Rising ocean levels make long-term debt increasingly risky in many parts of the country
With COVID-19 still very much a concern in the U.S. – multiple states are establishing new daily records of infections, another 1.5 million unemployment insurance claims were reported last week – the other global crisis that threatens both humanity and the economy, global warming, has become even less of a priority than it had been before coronavirus chased it from the headlines. (Well, page three maybe.)
But lenders in areas assumed to be facing the highest chance of flooding due to rising sea levels are already factoring risks associated with global warming into their business models, and it’s making 30-year mortgages in these areas increasingly unattractive for borrowers.
Recent reporting by the New York Times explains that some banks are asking borrowers in coastal areas to drastically increase their down payments, in some cases to as high as 40 percent. Banks are also selling their mortgages on coastal properties to Fannie Mae and Freddie Mac at higher rates than previously seen. According to the Baltimore Sun, local banks offloaded 43 percent of their vulnerable-zone mortgages in 2009. By 2017, that share had increased to 57 percent. Who better than a local lender to know the local flood risks?
From a lender perspective, reducing demand for risky debt is a no-brainer. According to Climate Central, half a million existing homes – worth an estimated $241 billion – will be on land that floods at least once a year by 2050. Discouraging borrowers from targeting these properties is simple risk-aversion.
But how far is too far?
According to Michael Berman, former chairman of the Mortgage Banker’s Association, lenders may wind up “blue-lining” entire regions where flood risks are high. That reluctance to lend, combined with an unwillingness among insurance companies to cover losses related to inevitable floods, could destroy coastal housing values. Former Freddie Mac chief economist Sean Becketti warned in 2016 that losses from flooding are “likely to be greater than those experienced in the housing crisis and the Great Recession.” Unlike the 2008 meltdown, however, “homeowners will have no expectation that the values of their homes will ever recover,” Becketti said.
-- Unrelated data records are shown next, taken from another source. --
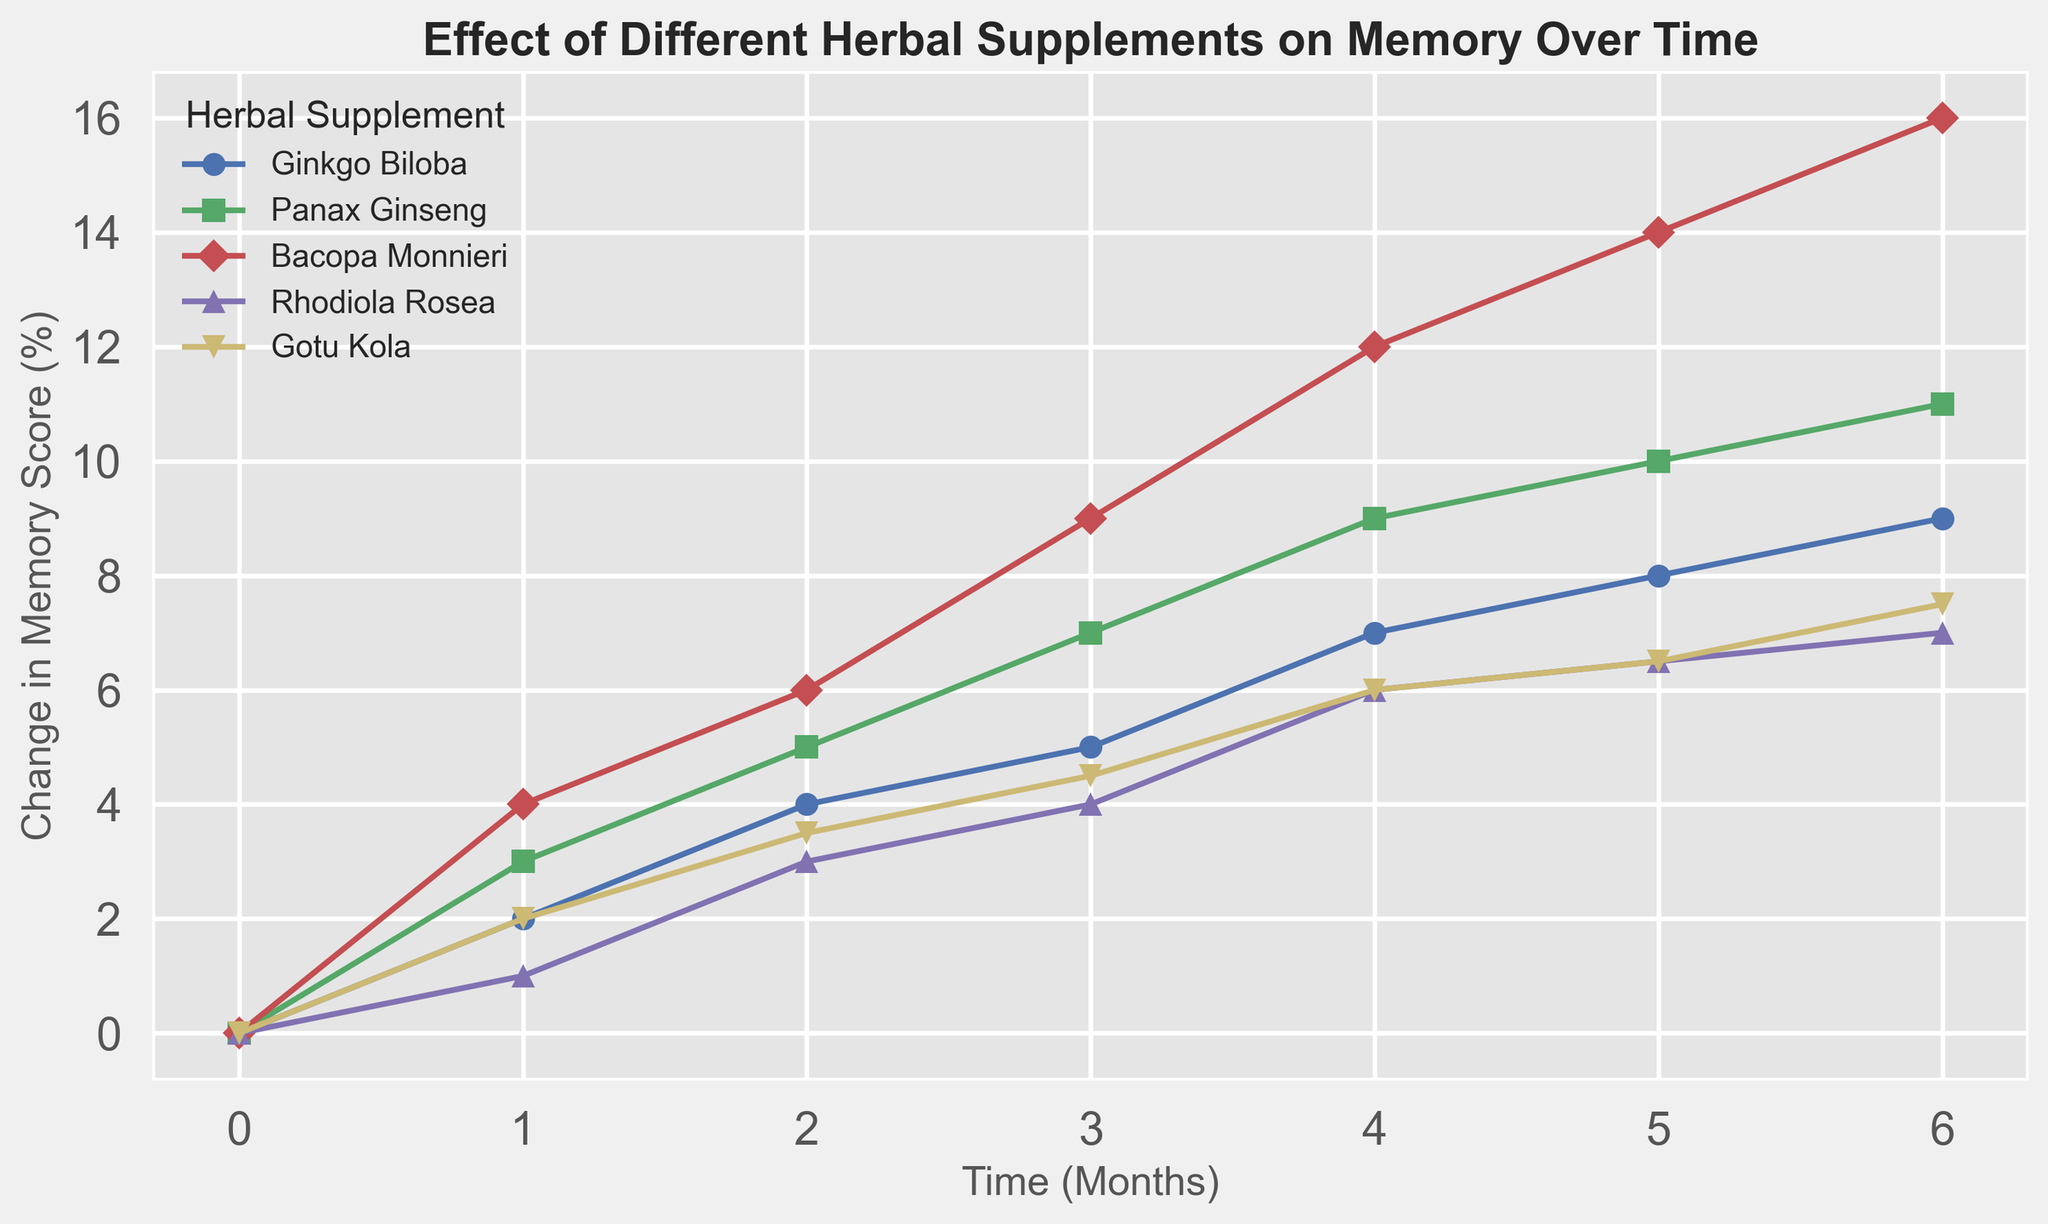What is the change in memory score for Panax Ginseng at month 4? The line for Panax Ginseng shows a data point at month 4 with a change in memory score of 9%.
Answer: 9% Which supplement shows the highest increase in memory score over 6 months? By examining the endpoints of the lines, Bacopa Monnieri reaches the highest change in memory score with 16% after 6 months.
Answer: Bacopa Monnieri How does the memory score for Ginkgo Biloba change from month 2 to month 4? At month 2, Ginkgo Biloba has a 4% increase in memory score, and at month 4, it has a 7% increase. The difference is 7% - 4% = 3%.
Answer: 3% Which supplement has the smallest increase in memory score at month 6? Rhodiola Rosea has the smallest increase at 7% after 6 months, as can be seen by comparing the endpoints of the lines.
Answer: Rhodiola Rosea Between month 1 and month 3, which supplement shows the greatest increase in memory score? Bacopa Monnieri increases from 4% to 9% between month 1 and month 3, a difference of 5%. This is the largest increase among the supplements.
Answer: Bacopa Monnieri What is the average change in memory score for Gotu Kola over 6 months? The memory score changes for Gotu Kola at months 1 through 6 are 2%, 3.5%, 4.5%, 6%, 6.5%, and 7.5%. The average is calculated as (2 + 3.5 + 4.5 + 6 + 6.5 + 7.5) / 6 = 30 / 6 = 5%.
Answer: 5% Which supplement shows a faster initial improvement in memory, Ginkgo Biloba or Panax Ginseng? After 1 month, Ginkgo Biloba shows a 2% increase, while Panax Ginseng shows a 3% increase, indicating that Panax Ginseng shows a faster initial improvement.
Answer: Panax Ginseng How much more did Bacopa Monnieri improve memory score than Rhodiola Rosea at month 5? At month 5, Bacopa Monnieri has a 14% increase, while Rhodiola Rosea has a 6.5% increase. The difference is 14% - 6.5% = 7.5%.
Answer: 7.5% What is the general trend observed for all supplements over time? All supplements show an increasing trend in memory score over time, indicating a positive effect on memory improvement across the months.
Answer: Increasing trend

Propping up demand for these threatened properties is access to interest-only loans. An interest-only loan would be an awful choice for a homeowner looking to leverage equity, but for someone who knows their home is going to be rendered unliveable in a matter of years, going interest-only allows them to temporarily live in a beautiful location and walk away from their mortgage without destroying themselves financially.
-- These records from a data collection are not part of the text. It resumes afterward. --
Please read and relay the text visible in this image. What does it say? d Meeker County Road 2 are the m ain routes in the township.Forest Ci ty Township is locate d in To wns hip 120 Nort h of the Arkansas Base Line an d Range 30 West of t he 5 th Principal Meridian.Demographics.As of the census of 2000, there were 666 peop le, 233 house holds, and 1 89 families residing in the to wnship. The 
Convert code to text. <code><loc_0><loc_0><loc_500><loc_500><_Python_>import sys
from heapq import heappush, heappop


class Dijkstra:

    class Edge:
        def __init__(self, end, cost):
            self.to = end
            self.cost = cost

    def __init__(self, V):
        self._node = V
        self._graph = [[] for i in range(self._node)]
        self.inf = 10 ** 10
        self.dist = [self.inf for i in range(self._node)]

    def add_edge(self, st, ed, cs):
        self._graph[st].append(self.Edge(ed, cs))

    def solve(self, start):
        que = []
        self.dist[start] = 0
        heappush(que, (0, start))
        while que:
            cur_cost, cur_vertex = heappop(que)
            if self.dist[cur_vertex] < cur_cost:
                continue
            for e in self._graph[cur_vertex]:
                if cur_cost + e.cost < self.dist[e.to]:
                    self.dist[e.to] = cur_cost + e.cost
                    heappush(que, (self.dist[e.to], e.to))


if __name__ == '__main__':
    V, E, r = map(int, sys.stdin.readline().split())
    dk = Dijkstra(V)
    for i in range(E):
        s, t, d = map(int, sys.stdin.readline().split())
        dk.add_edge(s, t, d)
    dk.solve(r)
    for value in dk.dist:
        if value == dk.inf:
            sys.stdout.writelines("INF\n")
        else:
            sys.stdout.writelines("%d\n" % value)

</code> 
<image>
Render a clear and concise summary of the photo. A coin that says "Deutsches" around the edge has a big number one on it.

Recent research found that since the housing crash, the share of homes with fixed-rate 30-year mortgages has fallen sharply in areas most affected by storm surges (down to less than 80 percent as of 2016), while remaining constant (around 90 percent) in the rest of the country. The difference is at least partially explained by a rise in interest-only loans. Over 10 percent of homeowners in higher-risk areas had interest-only loans in 2016 versus 2.3 percent of borrowers in other regions.
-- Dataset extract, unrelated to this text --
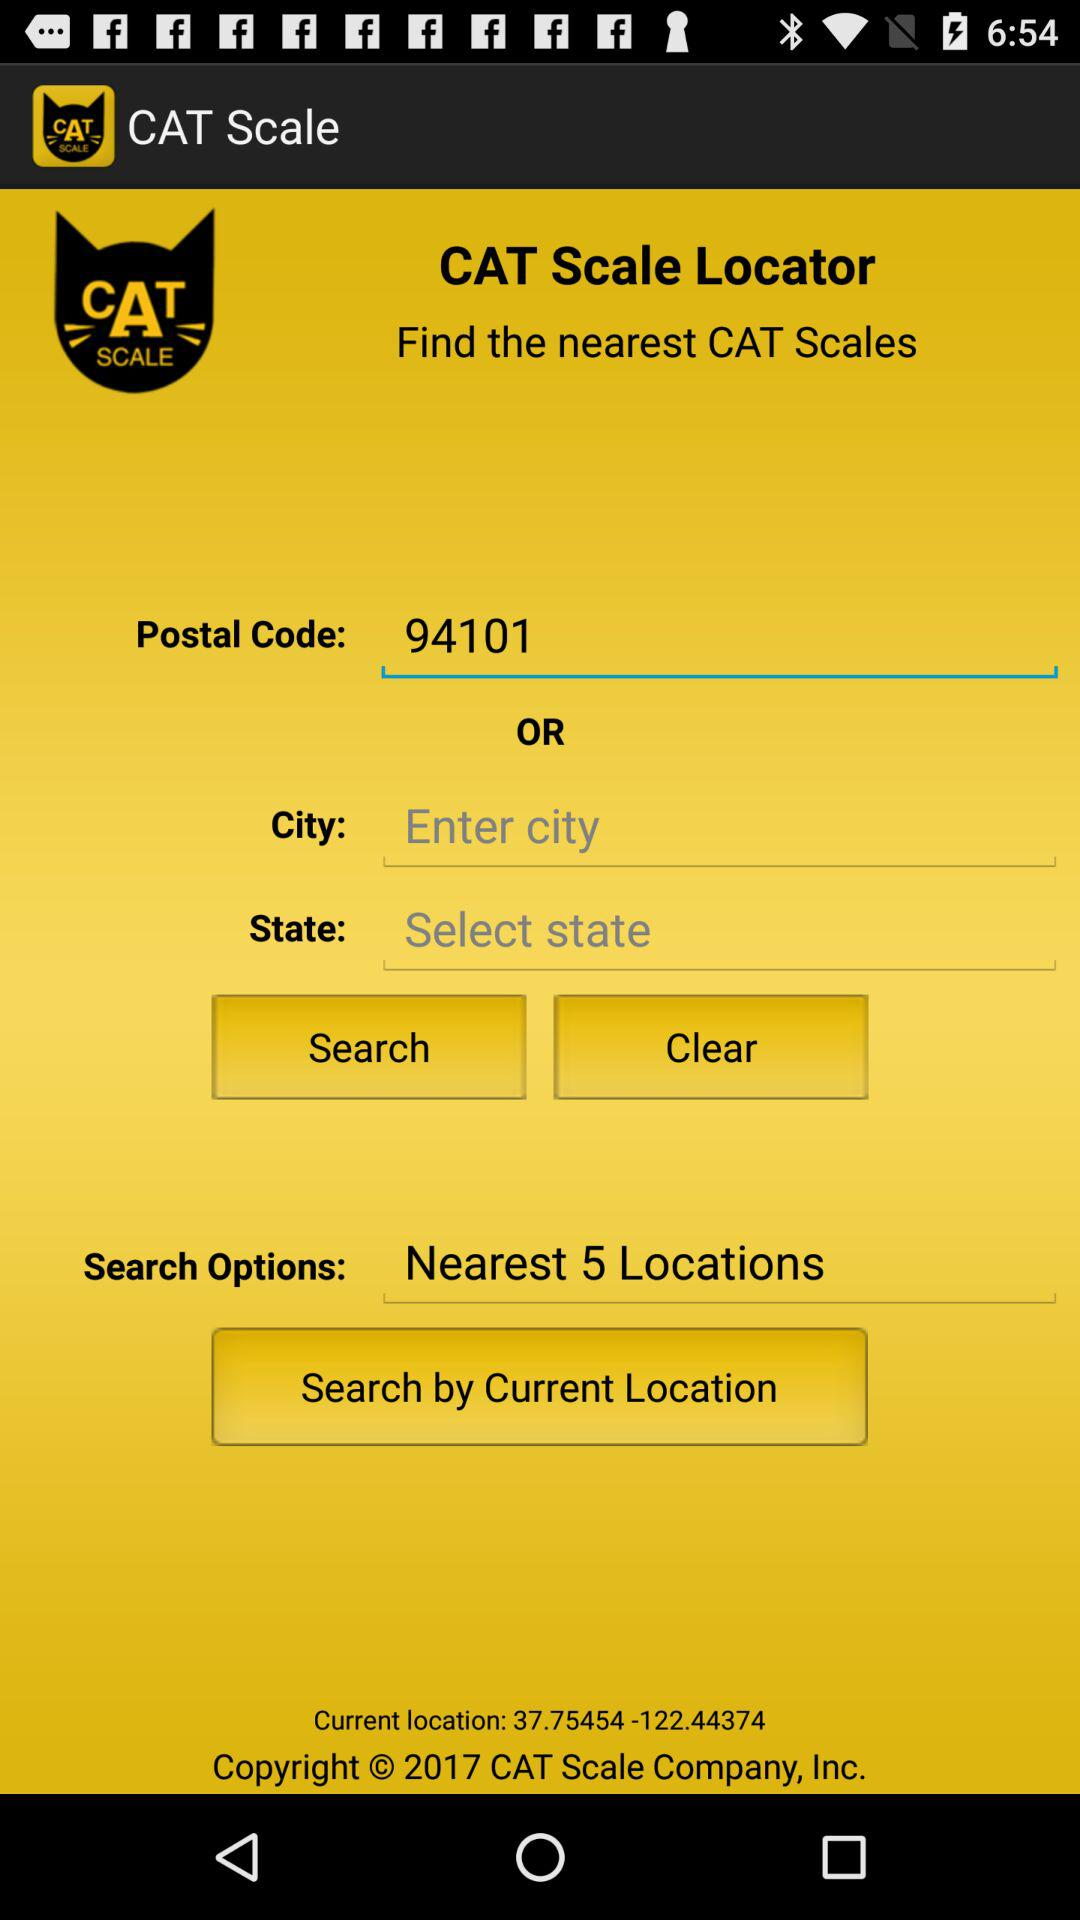How many nearest locations are there? There are 5 nearest locations.

The easy exit provided by interest-only mortgages is more of a tie than a win for coastal homeowners, but it will help many of them purchase homes for their families, at least temporarily, at a time of painfully tight supply. But these properties are on a slow, steady march to worthlessness, and their buyers are literally putting themselves in harm’s way.
How many owners can conceivably walk away from a flood-damaged coastal property, especially one that is likely to face intensifying damage each year, before it becomes completely unsellable? One? Two? What is America’s coastline even going to look like after another 20 or 30 years of barely mitigated global warming?
People are highly skilled at trapping themselves in cycles, and coastal property ownership circa 2020 is a fine example. Owning a home by the ocean is a dream shared by millions of Americans, but the behaviors that make fulfilling that dream a reality – endless production, endless consumption, endless pollution – are also, by heating the oceans and bringing up sea levels, working to make it impossible.
This particular cycle will be broken soon enough, though, and it won’t be by choice.